La eventual aplicación de esta medida, inevitablemente, tendría un efecto no solo sobre los consumidores, sino sobre el sector de la industria de alimentos y bebidas, pues su actividad estará condicionada por un gravamen que no existió anteriormente.

En esa parte de la balanza, desde la Cámara Costarricense de la Industria Alimentaria (CACIA) el plan no es bien visto, pues son de la opinión de que si de prevenir males y promover hábitos saludables se trata, existen medios más adecuados.

“La idea de poner impuestos a la comida, es una opción que consideramos equivocada (…) reducir la propuesta al simple encarecimiento vía impuestos de uno de los grupos alimentarios sea cual sea, en realidad lo que deja en evidencia es un gran desconocimiento sobre la temática”, dijo Mario Montero, Vicepresidente Ejecutivo de CACIA.

Frente a ese panorama, Montero asegura  que más bien proponen un abordaje integral y científico “de las variables que explican el problema” por medio de la educación y el incentivo de la información sobre estilos de vida saludable, de la mano con mayor actividad física.

“El comercio se verá afectado en tanto surja un entorno de desinformación sobre alimentos específicos, eso dañará la imagen de empresas y marcas (…) no obstante, el principal dañado será el consumidor, quien no tendrá ningún impacto de ninguna naturaleza sobre su estilo de vida”, concluyó Montero.

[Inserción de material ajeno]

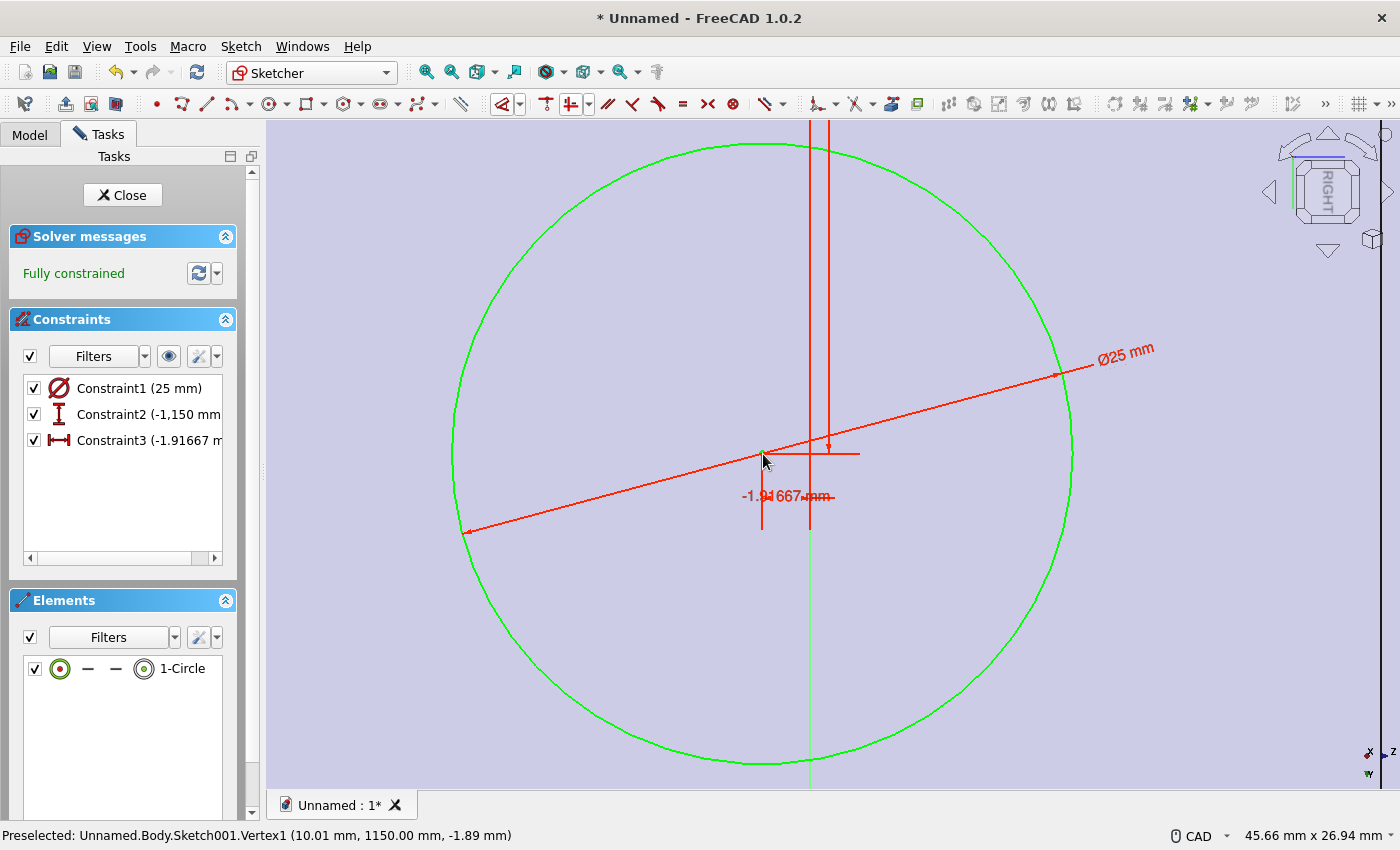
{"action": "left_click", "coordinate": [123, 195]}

La creación de un nuevo impuesto

Pese a la oposición habitual a la creación de nuevos impuestos, el economista Francisco Sancho, cree que es una opción casi inevitable la creación de nuevos gravámenes, debido a la situación del país, cuyo crecimiento se encuentra estancado y con un déficit fiscal preocupante.

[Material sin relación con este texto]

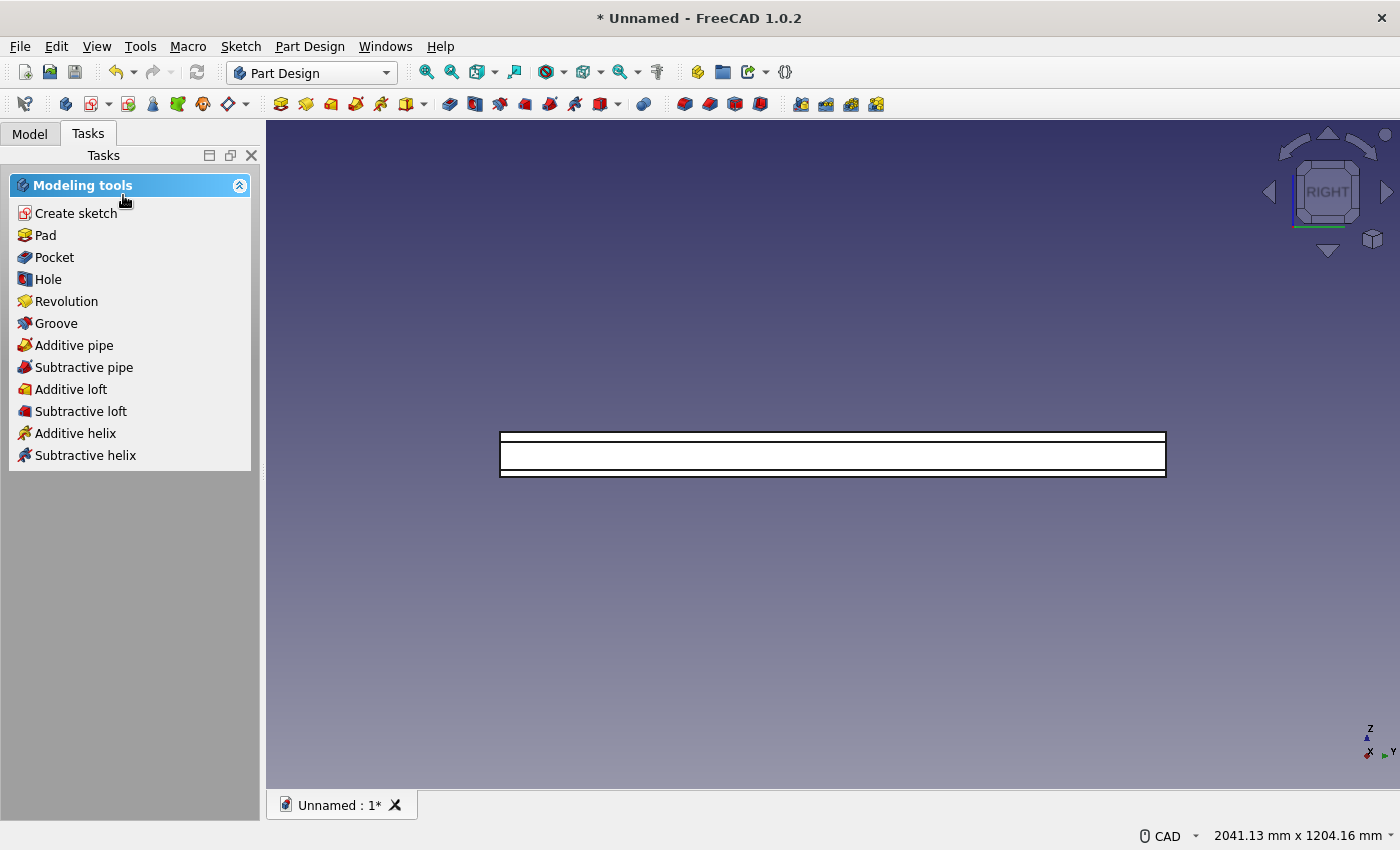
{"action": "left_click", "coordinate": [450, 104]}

Desde el punto de vista de la creación de un nuevo impuesto, Sancho considera que es viable técnicamente establecerlo, pues así se ha hecho en otros países, un ejemplo de ello es España, donde las bebidas energizantes han sido gravadas.

“Así como hacemos una diferenciación de la canasta básica, de decidir si un producto se exonera o no, se podría decir que ciertos alimentos paguen un 17, 18 o hasta 20% de impuesto de ventas. Así se inhibe a la población de que lo consuma”, explicó.

El experto destaca el ejemplo del uso del cinturón de seguridad, en el que se podría entender que el Estado dicta su obligatoriedad debido al alto costo de atender las personas que resultan lesionadas por no usarlo. “Podrían decir que es muy caro atender a gente obesa o con diabetes”.

Eso sí, asegura que el punto de cuidado deberá estar en el criterio para decidir a qué producto se le establecen impuestos.